McCall Mariposa, Bourgeois James A
Department of Psychiatry and Behavioral Sciences, University of California, Davis Medical Center, Sacramento, CA 95817, USA.
J Clin Psychopharmacol. 2004 Oct;24(5):521-6. doi: 10.1097/01.jcp.0000138768.61600.ad.

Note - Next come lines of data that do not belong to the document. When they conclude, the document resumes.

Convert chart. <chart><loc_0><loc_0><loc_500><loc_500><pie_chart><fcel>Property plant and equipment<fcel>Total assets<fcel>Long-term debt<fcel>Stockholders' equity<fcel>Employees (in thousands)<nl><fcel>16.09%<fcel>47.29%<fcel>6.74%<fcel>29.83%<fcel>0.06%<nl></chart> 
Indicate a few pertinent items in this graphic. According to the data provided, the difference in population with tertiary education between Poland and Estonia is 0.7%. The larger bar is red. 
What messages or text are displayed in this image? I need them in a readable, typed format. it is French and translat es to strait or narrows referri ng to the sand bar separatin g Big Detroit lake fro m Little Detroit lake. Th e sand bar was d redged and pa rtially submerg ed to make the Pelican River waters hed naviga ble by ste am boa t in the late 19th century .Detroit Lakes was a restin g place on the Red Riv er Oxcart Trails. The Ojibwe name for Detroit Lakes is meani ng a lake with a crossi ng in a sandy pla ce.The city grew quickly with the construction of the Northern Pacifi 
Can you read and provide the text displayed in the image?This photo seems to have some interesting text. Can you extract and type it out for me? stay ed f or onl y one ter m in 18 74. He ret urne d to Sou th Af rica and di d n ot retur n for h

The authors present a case of a patient treated with valproic acid for seizure disorder who presented with acute mental status changes consistent with encephalopathy. Notably, her serum ammonia level was 3 times the upper limit of normal, despite an only mildly elevated aspartate aminotransferase and normal bilirubin. Her serum valproic acid level was in the therapeutic range. Her symptoms resolved with discontinuation of valproic acid and supportive care. The authors review the possible mechanisms of valproic acid-associated hyperammonemia with encephalopathy and propose clinical practice modifications to minimize the incidence of this adverse reaction to this generally well-tolerated and clinically important psychotropic medication.
作者报告了一例因癫痫障碍接受丙戊酸治疗的患者,该患者出现了与脑病相符的急性精神状态改变。值得注意的是,尽管其天冬氨酸转氨酶仅轻度升高且胆红素正常,但她的血清氨水平是正常上限的3倍。她的血清丙戊酸水平处于治疗范围内。停用丙戊酸并给予支持性治疗后,她的症状得到缓解。作者回顾了丙戊酸相关高氨血症伴脑病的可能机制,并提出了临床实践改进措施,以尽量减少对这种通常耐受性良好且具有临床重要性的精神药物的这种不良反应的发生率。